┌──
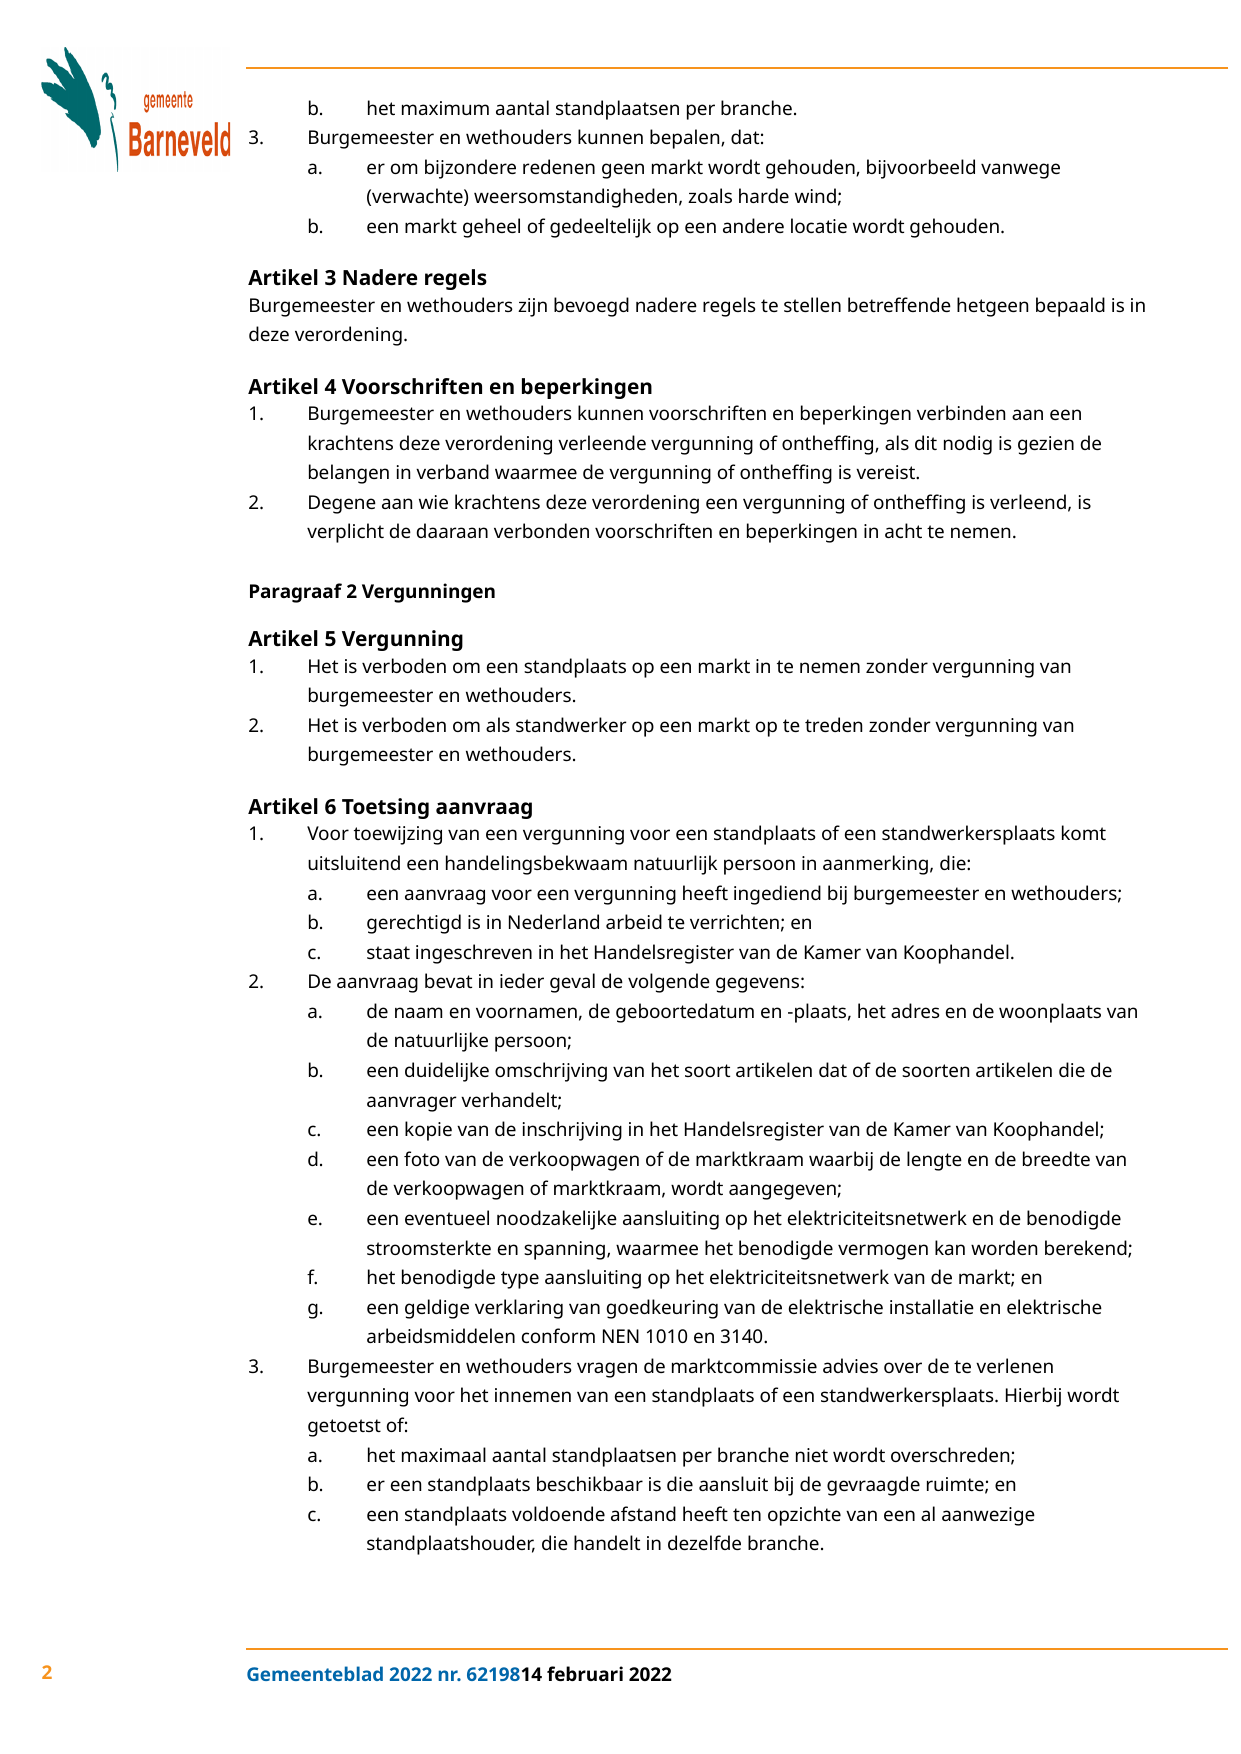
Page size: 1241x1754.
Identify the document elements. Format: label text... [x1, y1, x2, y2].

list een foto van de verkoopwagen of de marktkraam waarbij de lengte en de breedte van de verkoopwagen of marktkraam, wordt aangegeven; [307, 1146, 1152, 1201]
list een geldige verklaring van goedkeuring van de elektrische installatie en elektrische arbeidsmiddelen conform NEN 1010 en 3140. [307, 1294, 1152, 1349]
list een eventueel noodzakelijke aansluiting op het elektriciteitsnetwerk en de benodigde stroomsterkte en spanning, waarmee het benodigde vermogen kan worden berekend; [307, 1205, 1152, 1260]
list Burgemeester en wethouders vragen de marktcommissie advies over de te verlenen vergunning voor het innemen van een standplaats of een standwerkersplaats. Hierbij wordt getoetst of: [248, 1353, 1152, 1438]
text Artikel 6 Toetsing aanvraag [248, 792, 1152, 821]
list De aanvraag bevat in ieder geval de volgende gegevens: [248, 968, 1152, 994]
list er een standplaats beschikbaar is die aansluit bij de gevraagde ruimte; en [307, 1471, 1152, 1497]
list Het is verboden om een standplaats op een markt in te nemen zonder vergunning van burgemeester en wethouders. [248, 653, 1152, 708]
list Degene aan wie krachtens deze verordening een vergunning of ontheffing is verleend, is verplicht de daaraan verbonden voorschriften en beperkingen in acht te nemen. [248, 489, 1152, 544]
picture [41, 47, 231, 172]
list staat ingeschreven in het Handelsregister van de Kamer van Koophandel. [307, 939, 1152, 964]
list Voor toewijzing van een vergunning voor een standplaats of een standwerkersplaats komt uitsluitend een handelingsbekwaam natuurlijk persoon in aanmerking, die: [248, 821, 1152, 876]
list een aanvraag voor een vergunning heeft ingediend bij burgemeester en wethouders; [307, 880, 1152, 905]
list Het is verboden om als standwerker op een markt op te treden zonder vergunning van burgemeester en wethouders. [248, 712, 1152, 767]
list de naam en voornamen, de geboortedatum en -plaats, het adres en de woonplaats van de natuurlijke persoon; [307, 998, 1152, 1053]
list het benodigde type aansluiting op het elektriciteitsnetwerk van de markt; en [307, 1264, 1152, 1290]
list Burgemeester en wethouders kunnen bepalen, dat: [248, 124, 1152, 150]
text Paragraaf 2 Vergunningen [248, 578, 1152, 604]
text Artikel 4 Voorschriften en beperkingen [248, 372, 1152, 400]
list gerechtigd is in Nederland arbeid te verrichten; en [307, 909, 1152, 935]
text Artikel 3 Nadere regels [248, 263, 1152, 292]
list het maximaal aantal standplaatsen per branche niet wordt overschreden; [307, 1442, 1152, 1467]
list een kopie van de inschrijving in het Handelsregister van de Kamer van Koophandel; [307, 1116, 1152, 1142]
text Artikel 5 Vergunning [248, 624, 1152, 653]
list een standplaats voldoende afstand heeft ten opzichte van een al aanwezige standplaatshouder, die handelt in dezelfde branche. [307, 1501, 1152, 1556]
text Burgemeester en wethouders zijn bevoegd nadere regels te stellen betreffende hetgeen bepaald is in deze verordening. [248, 292, 1152, 347]
list het maximum aantal standplaatsen per branche. [307, 95, 1152, 121]
list een markt geheel of gedeeltelijk op een andere locatie wordt gehouden. [307, 213, 1152, 239]
list een duidelijke omschrijving van het soort artikelen dat of de soorten artikelen die de aanvrager verhandelt; [307, 1057, 1152, 1112]
list Burgemeester en wethouders kunnen voorschriften en beperkingen verbinden aan een krachtens deze verordening verleende vergunning of ontheffing, als dit nodig is gezien de belangen in verband waarmee de vergunning of ontheffing is vereist. [248, 400, 1152, 485]
list er om bijzondere redenen geen markt wordt gehouden, bijvoorbeeld vanwege (verwachte) weersomstandigheden, zoals harde wind; [307, 154, 1152, 209]
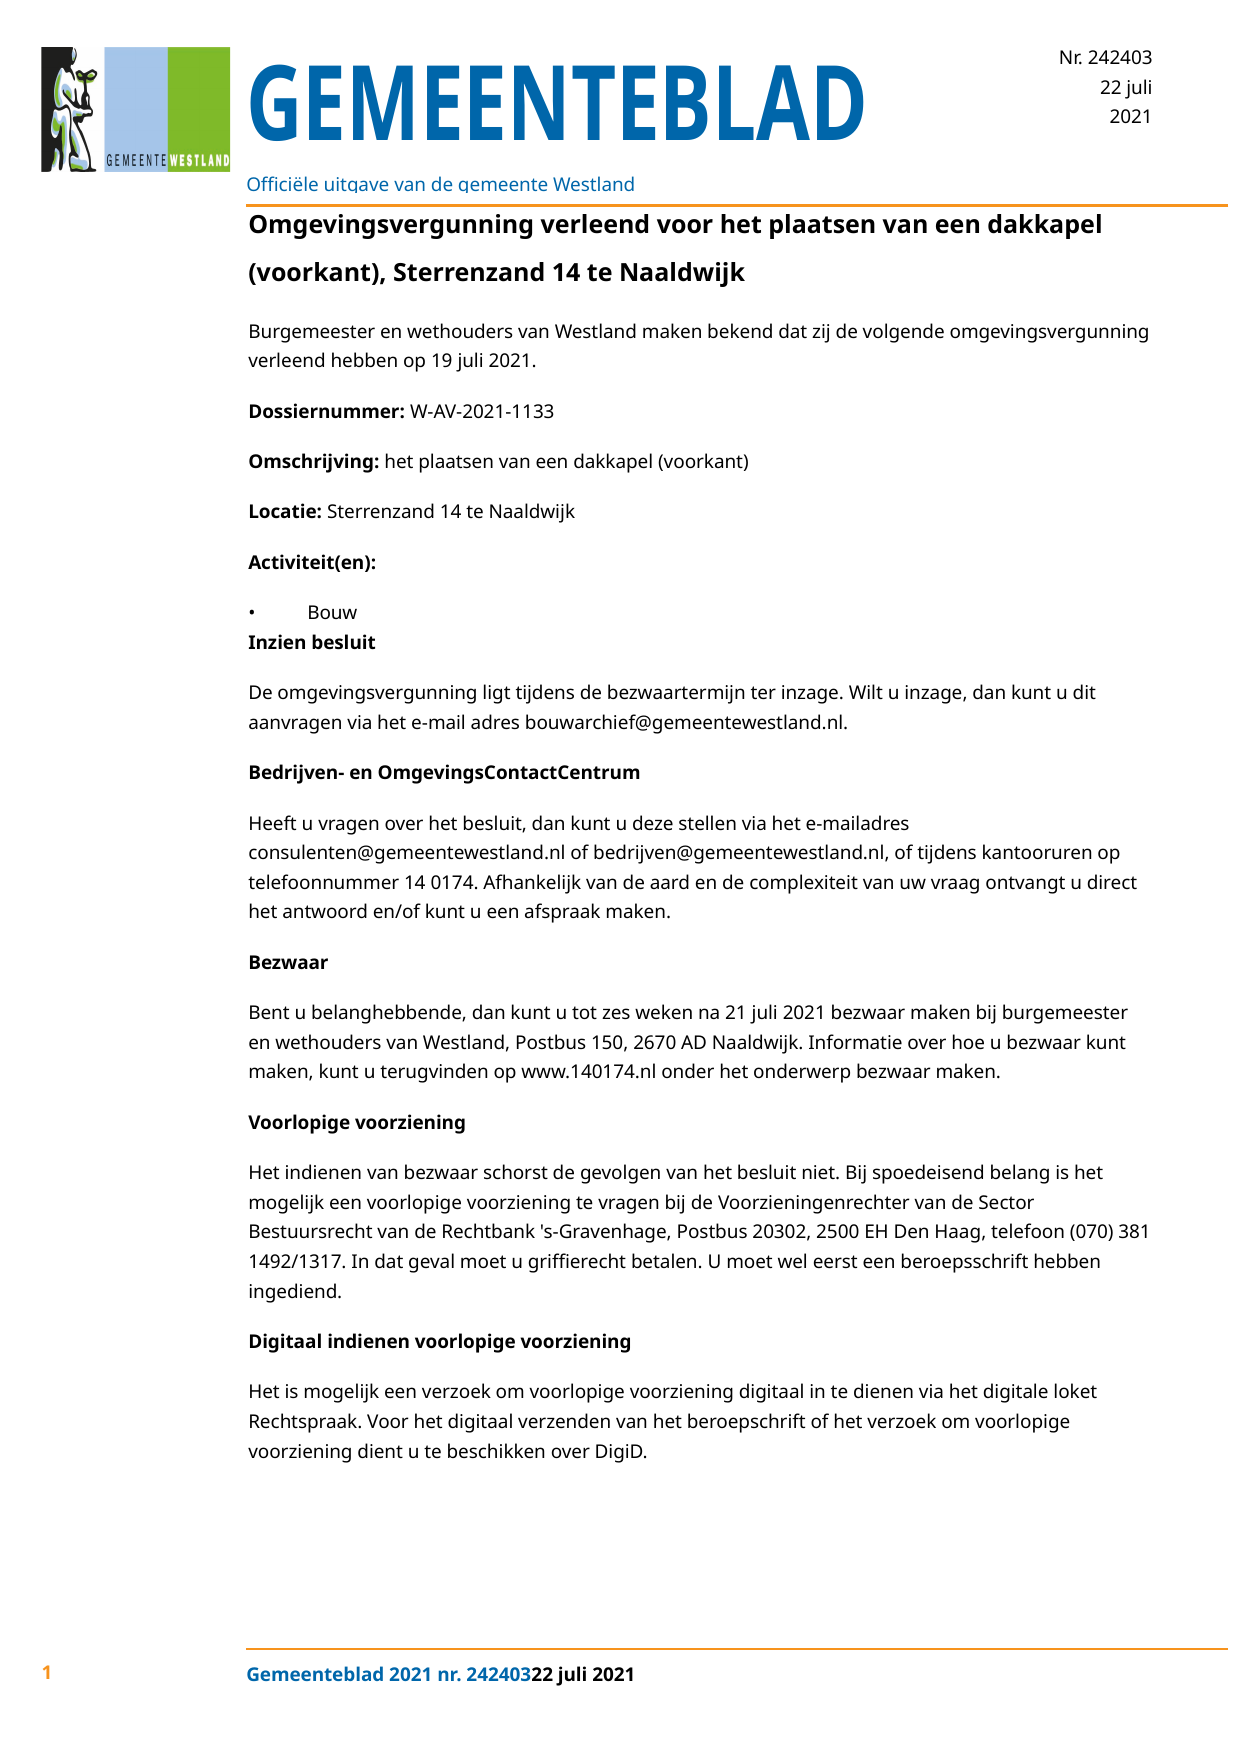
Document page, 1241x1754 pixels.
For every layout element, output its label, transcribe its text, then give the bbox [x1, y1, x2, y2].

text Activiteit(en): [248, 549, 1152, 575]
text Inzien besluit [248, 629, 1152, 655]
text Digitaal indienen voorlopige voorziening [248, 1328, 1152, 1354]
text Omschrijving: het plaatsen van een dakkapel (voorkant) [248, 448, 1152, 474]
picture [41, 47, 231, 172]
text Dossiernummer: W-AV-2021-1133 [248, 398, 1152, 424]
list Bouw [248, 599, 1152, 625]
text Locatie: Sterrenzand 14 te Naaldwijk [248, 499, 1152, 524]
text Voorlopige voorziening [248, 1109, 1152, 1135]
text Omgevingsvergunning verleend voor het plaatsen van een dakkapel (voorkant), Sterrenzand 14 te Naaldwijk [248, 207, 1152, 288]
text Heeft u vragen over het besluit, dan kunt u deze stellen via het e-mailadres consulenten@gemeentewestland.nl of bedrijven@gemeentewestland.nl, of tijdens kantooruren op telefoonnummer 14 0174. Afhankelijk van de aard en de complexiteit van uw vraag ontvangt u direct het antwoord en/of kunt u een afspraak maken. [248, 810, 1152, 924]
text Het is mogelijk een verzoek om voorlopige voorziening digitaal in te dienen via het digitale loket Rechtspraak. Voor het digitaal verzenden van het beroepschrift of het verzoek om voorlopige voorziening dient u te beschikken over DigiD. [248, 1379, 1152, 1464]
text Het indienen van bezwaar schorst de gevolgen van het besluit niet. Bij spoedeisend belang is het mogelijk een voorlopige voorziening te vragen bij de Voorzieningenrechter van de Sector Bestuursrecht van de Rechtbank 's-Gravenhage, Postbus 20302, 2500 EH Den Haag, telefoon (070) 381 1492/1317. In dat geval moet u griffierecht betalen. U moet wel eerst een beroepsschrift hebben ingediend. [248, 1159, 1152, 1304]
text Bent u belanghebbende, dan kunt u tot zes weken na 21 juli 2021 bezwaar maken bij burgemeester en wethouders van Westland, Postbus 150, 2670 AD Naaldwijk. Informatie over hoe u bezwaar kunt maken, kunt u terugvinden op www.140174.nl onder het onderwerp bezwaar maken. [248, 999, 1152, 1084]
text Burgemeester en wethouders van Westland maken bekend dat zij de volgende omgevingsvergunning verleend hebben op 19 juli 2021. [248, 318, 1152, 373]
text Bedrijven- en OmgevingsContactCentrum [248, 759, 1152, 785]
text Bezwaar [248, 949, 1152, 975]
text De omgevingsvergunning ligt tijdens de bezwaartermijn ter inzage. Wilt u inzage, dan kunt u dit aanvragen via het e-mail adres bouwarchief@gemeentewestland.nl. [248, 679, 1152, 735]
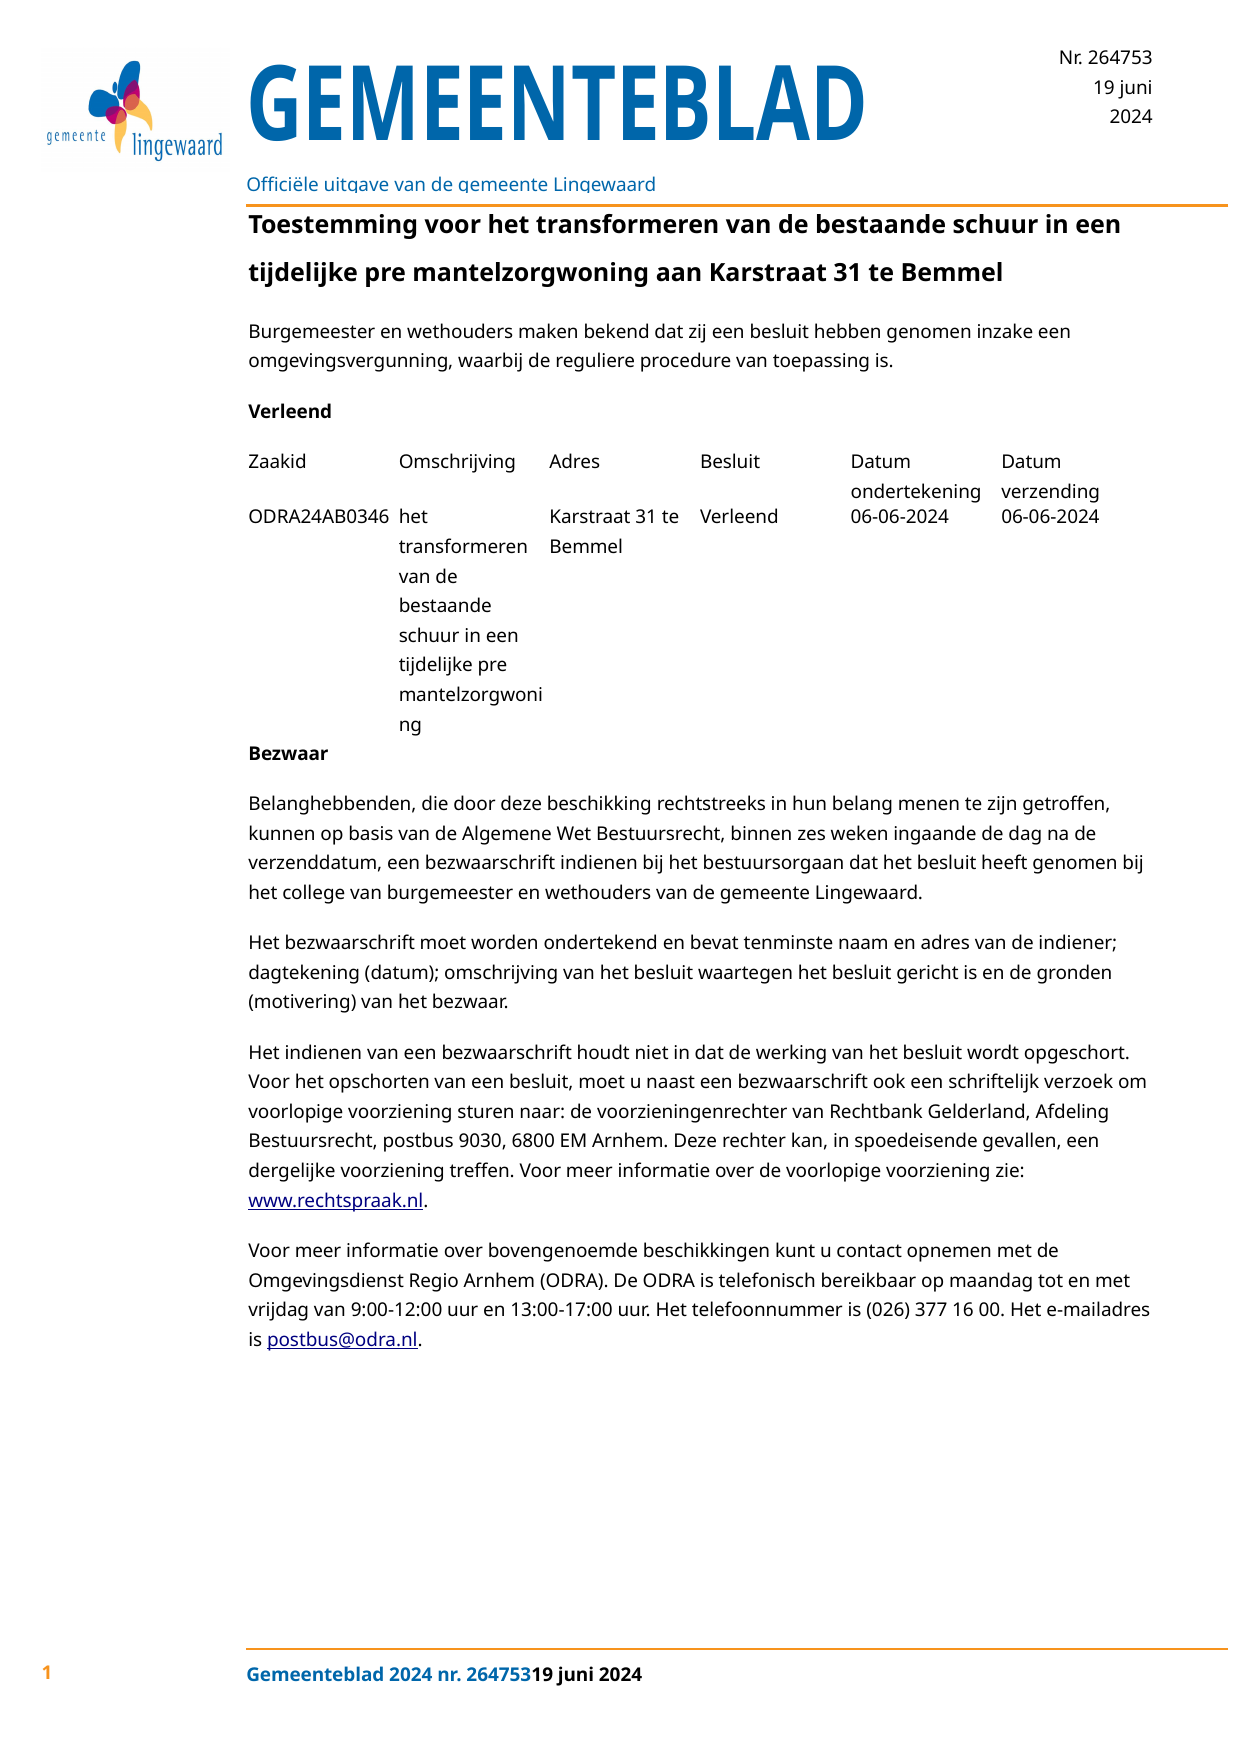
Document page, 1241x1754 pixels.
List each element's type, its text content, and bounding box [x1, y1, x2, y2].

table_cell het transformeren van de bestaande schuur in een tijdelijke pre mantelzorgwoning [399, 504, 549, 737]
table_header Adres [549, 449, 700, 504]
table_header Zaakid [248, 449, 398, 504]
table_cell Verleend [700, 504, 850, 737]
text Burgemeester en wethouders maken bekend dat zij een besluit hebben genomen inzake een omgevingsvergunning, waarbij de reguliere procedure van toepassing is. [248, 318, 1152, 373]
table_cell 06-06-2024 [850, 504, 1001, 737]
table_header Besluit [700, 449, 850, 504]
text Verleend [248, 398, 1152, 424]
text Bezwaar [248, 740, 1152, 766]
table_header Omschrijving [399, 449, 549, 504]
table_header Datum verzending [1001, 449, 1152, 504]
text Belanghebbenden, die door deze beschikking rechtstreeks in hun belang menen te zijn getroffen, kunnen op basis van de Algemene Wet Bestuursrecht, binnen zes weken ingaande de dag na de verzenddatum, een bezwaarschrift indienen bij het bestuursorgaan dat het besluit heeft genomen bij het college van burgemeester en wethouders van de gemeente Lingewaard. [248, 790, 1152, 905]
table_cell ODRA24AB0346 [248, 504, 398, 737]
picture [41, 47, 231, 172]
text Voor meer informatie over bovengenoemde beschikkingen kunt u contact opnemen met de Omgevingsdienst Regio Arnhem (ODRA). De ODRA is telefonisch bereikbaar op maandag tot en met vrijdag van 9:00-12:00 uur en 13:00-17:00 uur. Het telefoonnummer is (026) 377 16 00. Het e-mailadres is postbus@odra.nl. [248, 1237, 1152, 1352]
table_header Datum ondertekening [850, 449, 1001, 504]
text Het indienen van een bezwaarschrift houdt niet in dat de werking van het besluit wordt opgeschort. Voor het opschorten van een besluit, moet u naast een bezwaarschrift ook een schriftelijk verzoek om voorlopige voorziening sturen naar: de voorzieningenrechter van Rechtbank Gelderland, Afdeling Bestuursrecht, postbus 9030, 6800 EM Arnhem. Deze rechter kan, in spoedeisende gevallen, een dergelijke voorziening treffen. Voor meer informatie over de voorlopige voorziening zie: www.rechtspraak.nl. [248, 1039, 1152, 1213]
text Toestemming voor het transformeren van de bestaande schuur in een tijdelijke pre mantelzorgwoning aan Karstraat 31 te Bemmel [248, 207, 1152, 288]
text Het bezwaarschrift moet worden ondertekend en bevat tenminste naam en adres van de indiener; dagtekening (datum); omschrijving van het besluit waartegen het besluit gericht is en de gronden (motivering) van het bezwaar. [248, 929, 1152, 1014]
table_cell 06-06-2024 [1001, 504, 1152, 737]
table_cell Karstraat 31 te Bemmel [549, 504, 700, 737]
└──
What you have to do | Only the lines from the first line of the entries through the line containing "list Het is verboden om als" should be output, exactly as they are, without pictures.

Written reply |
Page size: 1241x1754.
Identify the document elements. Format: label text... [x1, y1, x2, y2].

list een foto van de verkoopwagen of de marktkraam waarbij de lengte en de breedte van de verkoopwagen of marktkraam, wordt aangegeven; [307, 1146, 1152, 1201]
list een geldige verklaring van goedkeuring van de elektrische installatie en elektrische arbeidsmiddelen conform NEN 1010 en 3140. [307, 1294, 1152, 1349]
list een eventueel noodzakelijke aansluiting op het elektriciteitsnetwerk en de benodigde stroomsterkte en spanning, waarmee het benodigde vermogen kan worden berekend; [307, 1205, 1152, 1260]
list Burgemeester en wethouders vragen de marktcommissie advies over de te verlenen vergunning voor het innemen van een standplaats of een standwerkersplaats. Hierbij wordt getoetst of: [248, 1353, 1152, 1438]
text Artikel 6 Toetsing aanvraag [248, 792, 1152, 821]
list De aanvraag bevat in ieder geval de volgende gegevens: [248, 968, 1152, 994]
list er een standplaats beschikbaar is die aansluit bij de gevraagde ruimte; en [307, 1471, 1152, 1497]
list Het is verboden om een standplaats op een markt in te nemen zonder vergunning van burgemeester en wethouders. [248, 653, 1152, 708]
list Degene aan wie krachtens deze verordening een vergunning of ontheffing is verleend, is verplicht de daaraan verbonden voorschriften en beperkingen in acht te nemen. [248, 489, 1152, 544]
picture [41, 47, 231, 172]
list staat ingeschreven in het Handelsregister van de Kamer van Koophandel. [307, 939, 1152, 964]
list Voor toewijzing van een vergunning voor een standplaats of een standwerkersplaats komt uitsluitend een handelingsbekwaam natuurlijk persoon in aanmerking, die: [248, 821, 1152, 876]
list een aanvraag voor een vergunning heeft ingediend bij burgemeester en wethouders; [307, 880, 1152, 905]
list Het is verboden om als standwerker op een markt op te treden zonder vergunning van burgemeester en wethouders. [248, 712, 1152, 767]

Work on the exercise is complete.